The first modern electronic analog computer, the special purpose “Polyphemus,” was
invented in 1938 by George Philbrick, then refined into general purpose versions in
Germany and the USA during World War II [
Holst and George 1982, 144]; [
Ulmann 2019, 1763]. Electronic analog computers use electricity as an “analog” or dynamic model
of real world systems being studied (such as planetary motion, economic behavior,
stresses on bridges, and the aerodynamic performance of aircraft designs). As one
popular guide to analog computing from 1952 puts it:
In these devices physical quantities, such as voltages and shaft rotations, are made
to obey mathematical relations comparable to those of the original problem. The physical
quantities, or machine variables, which may be conveniently varied and measured in
the laboratory, must, then, behave in a manner analogous to that of the original variables”
[Korn and Korn 1952, 2].
In the case of electronic analog computers, electricity itself was the analogous substrate
employed. Users would program the computers to mimic the behaviors of the systems
they wished to study and then input variables to compute how the system would behave.

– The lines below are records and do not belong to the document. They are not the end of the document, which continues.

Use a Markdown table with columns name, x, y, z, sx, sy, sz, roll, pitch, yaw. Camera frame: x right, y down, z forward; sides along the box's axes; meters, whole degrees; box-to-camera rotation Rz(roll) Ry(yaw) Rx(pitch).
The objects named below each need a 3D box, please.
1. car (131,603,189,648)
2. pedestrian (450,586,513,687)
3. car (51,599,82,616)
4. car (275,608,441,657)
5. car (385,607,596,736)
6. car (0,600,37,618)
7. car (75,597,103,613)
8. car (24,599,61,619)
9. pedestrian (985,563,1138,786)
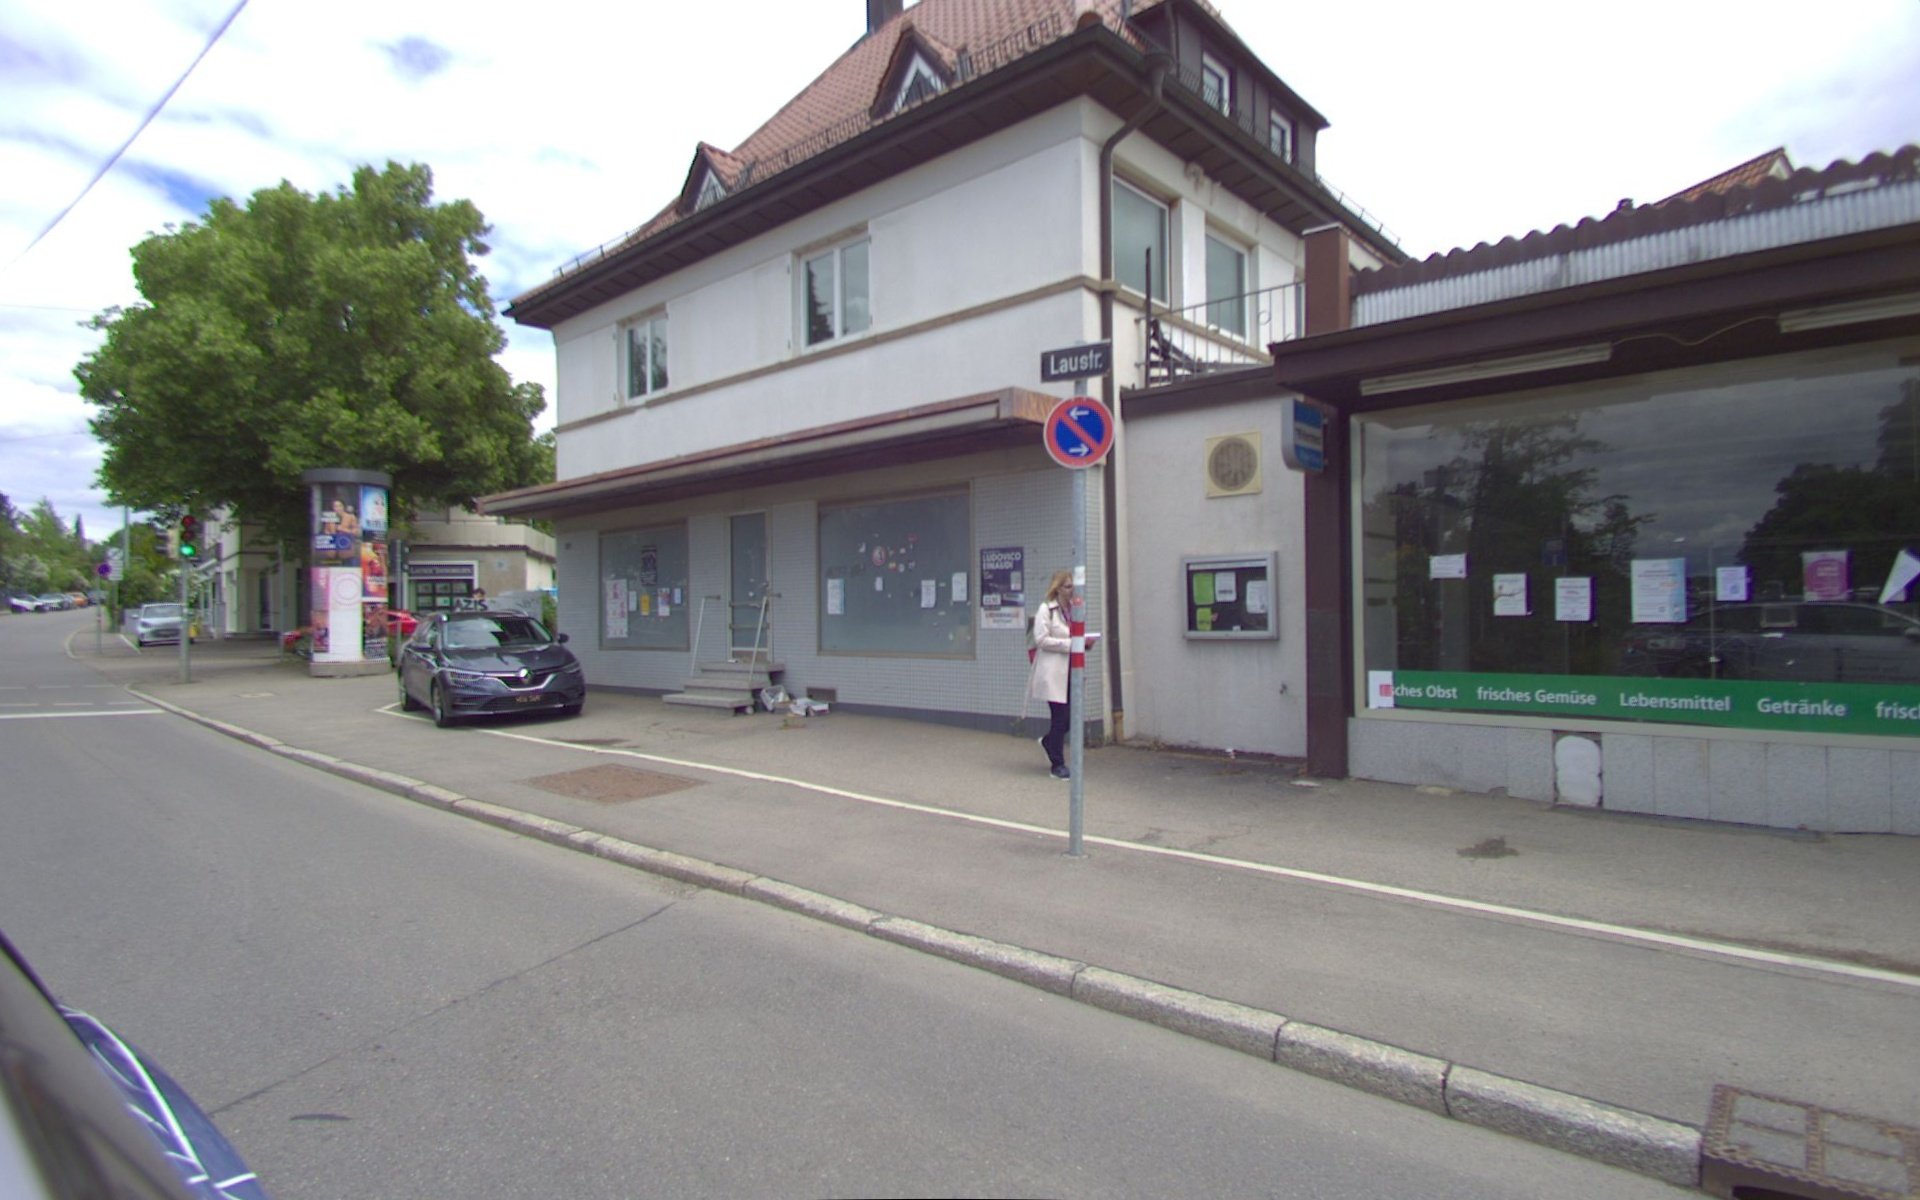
| name | x | y | z | sx | sy | sz | roll | pitch | yaw |
| --- | --- | --- | --- | --- | --- | --- | --- | --- | --- |
| car | -30.044 | 0.913 | 38.001 | 1.569 | 1.549 | 2.928 | -4 | 2 | -40 |
| pedestrian | -8.514 | 0.630 | 18.004 | 0.874 | 1.731 | 0.763 | -3 | 1 | -31 |
| car | -89.724 | 0.732 | 101.649 | 1.825 | 1.639 | 4.180 | -2 | 2 | -35 |
| car | -18.951 | 1.020 | 32.062 | 4.162 | 1.443 | 1.821 | -1 | -3 | -15 |
| car | -6.802 | 0.871 | 14.371 | 1.756 | 1.452 | 4.535 | -3 | 1 | -37 |
| car | -78.316 | 0.737 | 83.971 | 2.255 | 1.535 | 1.322 | 0 | 0 | -29 |
| car | -97.197 | 0.569 | 112.957 | 1.924 | 1.639 | 4.387 | -2 | 2 | -36 |
| car | -82.401 | 0.811 | 90.919 | 1.804 | 1.635 | 4.504 | -1 | 1 | -34 |
| pedestrian | 0.873 | 0.583 | 8.649 | 0.962 | 1.764 | 0.874 | -1 | 0 | 39 |
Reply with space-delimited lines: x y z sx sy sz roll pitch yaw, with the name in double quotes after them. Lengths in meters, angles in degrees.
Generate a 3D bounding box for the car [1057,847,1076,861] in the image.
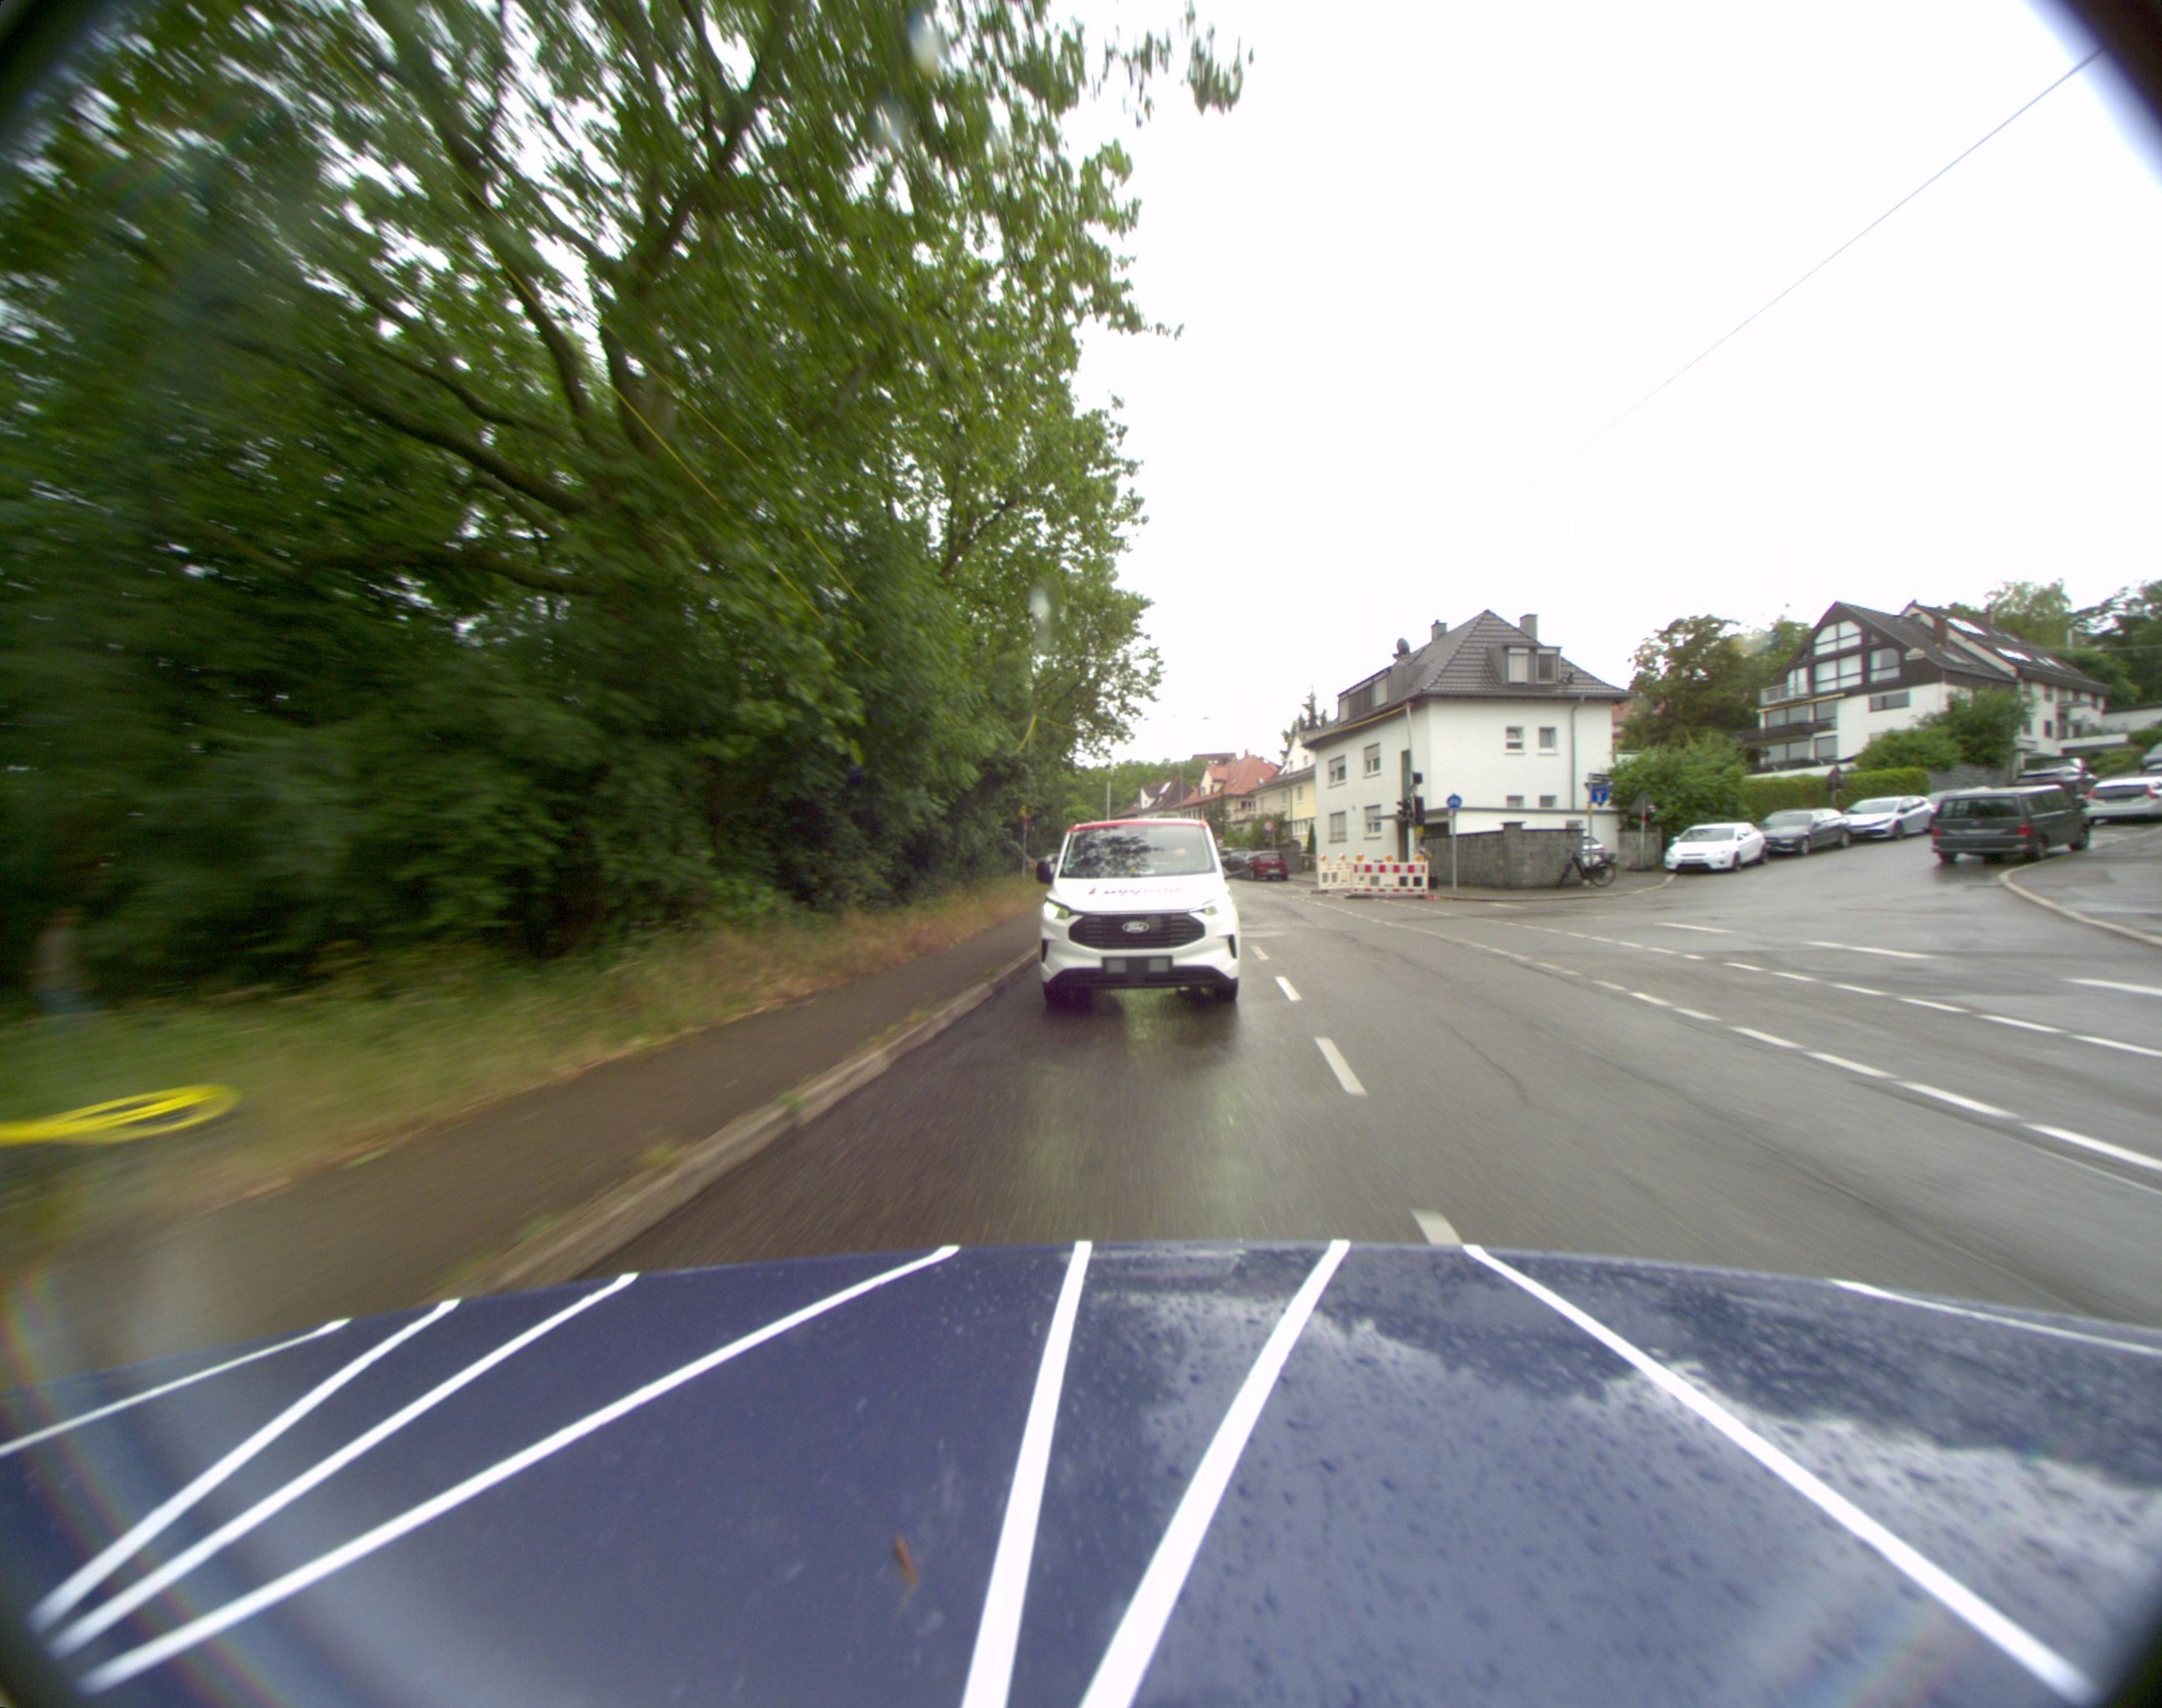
-2.058 -0.038 104.246 2.000 1.850 4.356 -3 1 -9 "car"

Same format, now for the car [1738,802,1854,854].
25.897 -0.939 27.515 3.858 1.458 1.701 -7 2 -25 "car"

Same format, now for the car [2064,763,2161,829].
36.246 -2.044 26.294 3.415 1.827 1.918 -9 3 -24 "car"

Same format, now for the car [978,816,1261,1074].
0.644 0.656 8.268 2.044 1.883 5.211 -2 1 8 "car"

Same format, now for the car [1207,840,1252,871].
8.364 0.113 43.160 1.669 1.579 4.006 -3 -1 0 "car"

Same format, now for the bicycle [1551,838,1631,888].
14.243 0.232 21.255 1.731 1.304 0.707 -3 1 1 "bicycle"

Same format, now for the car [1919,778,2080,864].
26.319 -0.934 21.774 3.799 1.926 1.911 -9 3 -24 "car"

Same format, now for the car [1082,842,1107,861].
1.462 -0.259 85.266 2.000 2.002 3.996 -3 1 -9 "car"

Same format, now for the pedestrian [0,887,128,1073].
-9.726 1.137 7.035 0.733 1.595 0.751 -3 1 -12 "pedestrian"

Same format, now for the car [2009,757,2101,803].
45.173 -3.423 35.244 3.987 1.547 1.334 -9 3 -19 "car"

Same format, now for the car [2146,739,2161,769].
60.578 -5.686 41.587 3.833 1.492 1.734 -9 3 -21 "car"

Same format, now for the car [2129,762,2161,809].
41.035 -2.665 28.284 3.563 1.461 1.580 -9 3 -23 "car"

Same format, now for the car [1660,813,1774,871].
20.652 -0.397 24.653 3.565 1.458 1.746 -7 2 -32 "car"

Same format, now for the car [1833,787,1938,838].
30.854 -1.582 29.125 3.857 1.458 1.579 -8 3 -25 "car"

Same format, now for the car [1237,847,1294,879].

Until about 1970, analog computers were significantly cheaper, smaller, and faster
than digital computers and saw widespread use in business, government, and universities
[
Korn and Korn 1952, 2]; [
Gilliland 1967, 1–1]. We’ll explore the analog computer further in the following sections as we
follow
Volleyball’s code up to higher and higher levels of abstraction. First, however, we must take
a look at the Odyssey, which we will regard as a special purpose electronic analog
computer.
The Odyssey’s prototypes were developed by a team of engineers led by Ralph Baer at
U.S. defense contractor Sanders Associates from 1966 to 1969 [
Baer 2005]. Because the console was designed to play real-time interactive games and remain
inexpensive enough to be released as a consumer product, the use of analog computing
circuitry was a logical choice: not only were the engineers at Sanders extremely familiar
with such implementations, but analog computers’ speed of operation suited the real-time
gameplay that Baer desired.
[2]
Baer’s “TV Games” console, however, would be custom built to dramatically reduce the
cost and complexity of the device, eliminating all circuitry that didn’t serve to
enable the suite of games imagined by its engineering team. Nonetheless, despite
its limited internal circuitry, the Odyssey prototypes retained a high degree of user
programmability via a bank of switches that served to re-route the internal circuits
to produce many different possible machine states, or analogs of physical behavior.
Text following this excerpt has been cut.